### Dataset content
- Opening Delimiter -
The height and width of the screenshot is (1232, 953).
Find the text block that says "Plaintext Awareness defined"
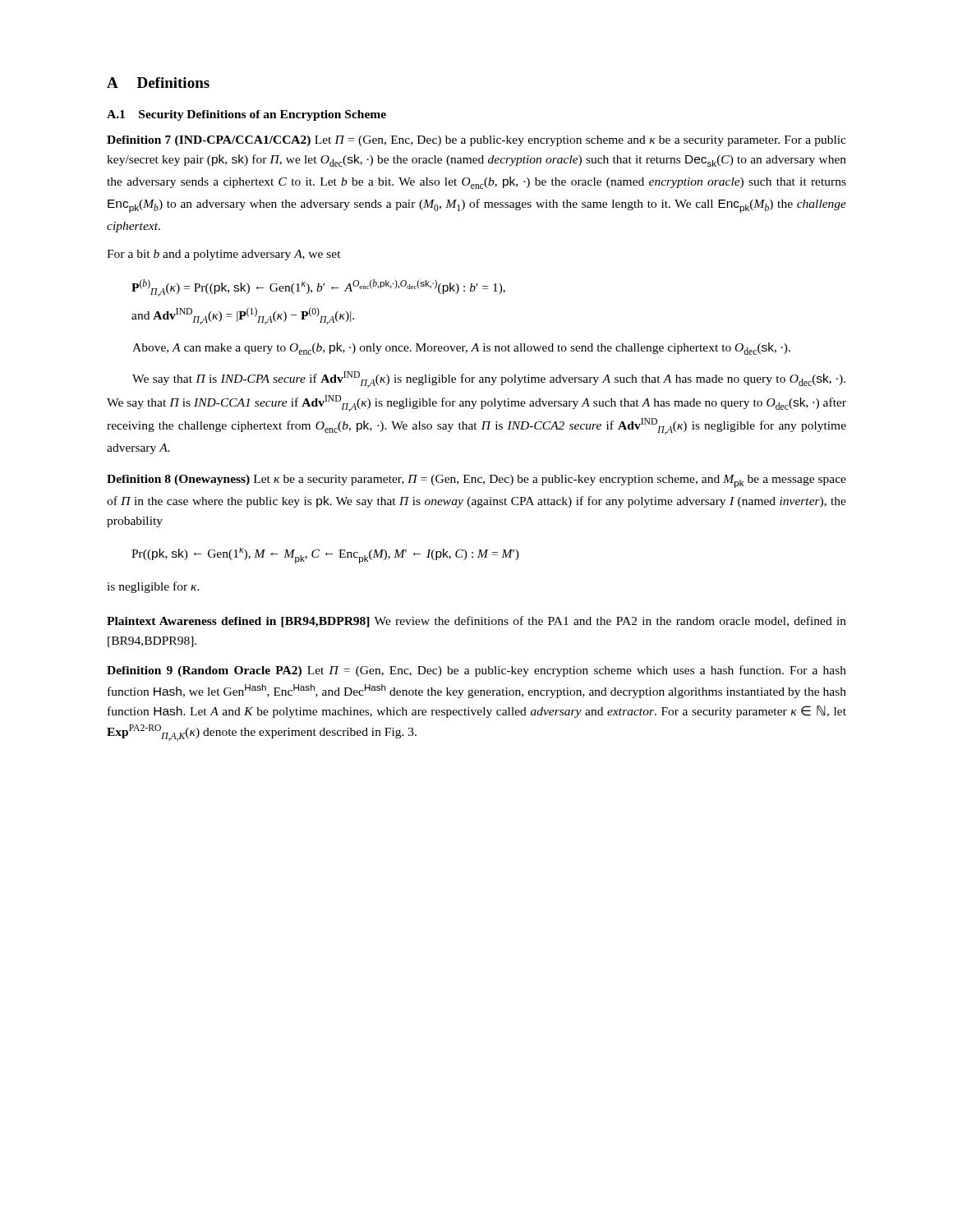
- Closing Delimiter -
- Opening Delimiter -
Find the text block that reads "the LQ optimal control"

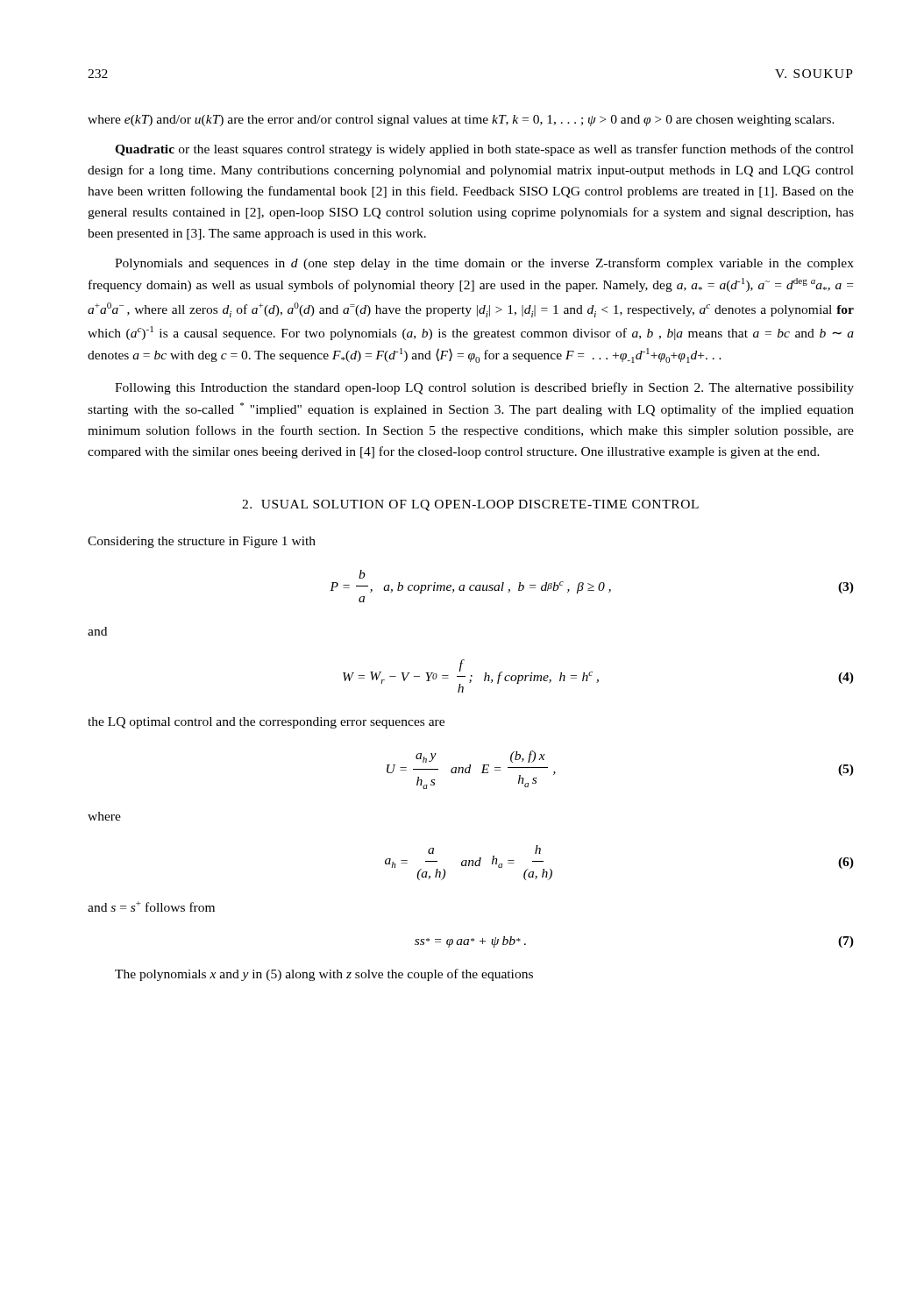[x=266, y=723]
- Closing Delimiter -
- Opening Delimiter -
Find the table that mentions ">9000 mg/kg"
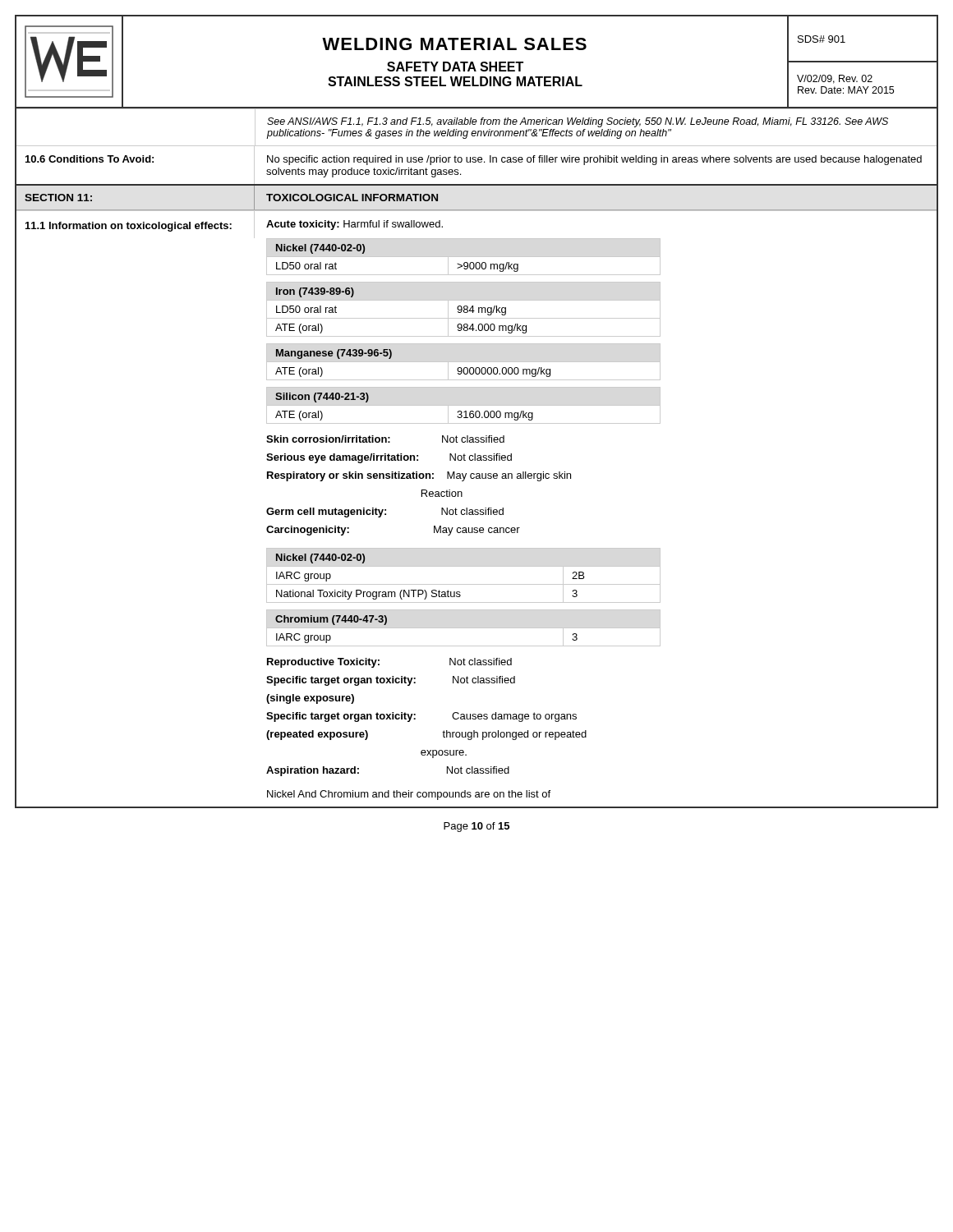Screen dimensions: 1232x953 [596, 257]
- Closing Delimiter -
### Try it
In the entries above, find the line holding "The height and" and the line holding "Find the text block that says"; print both of them and every line between, exactly, and nothing else.

### Output of the task
The height and width of the screenshot is (1232, 953).
Find the text block that says "Plaintext Awareness defined"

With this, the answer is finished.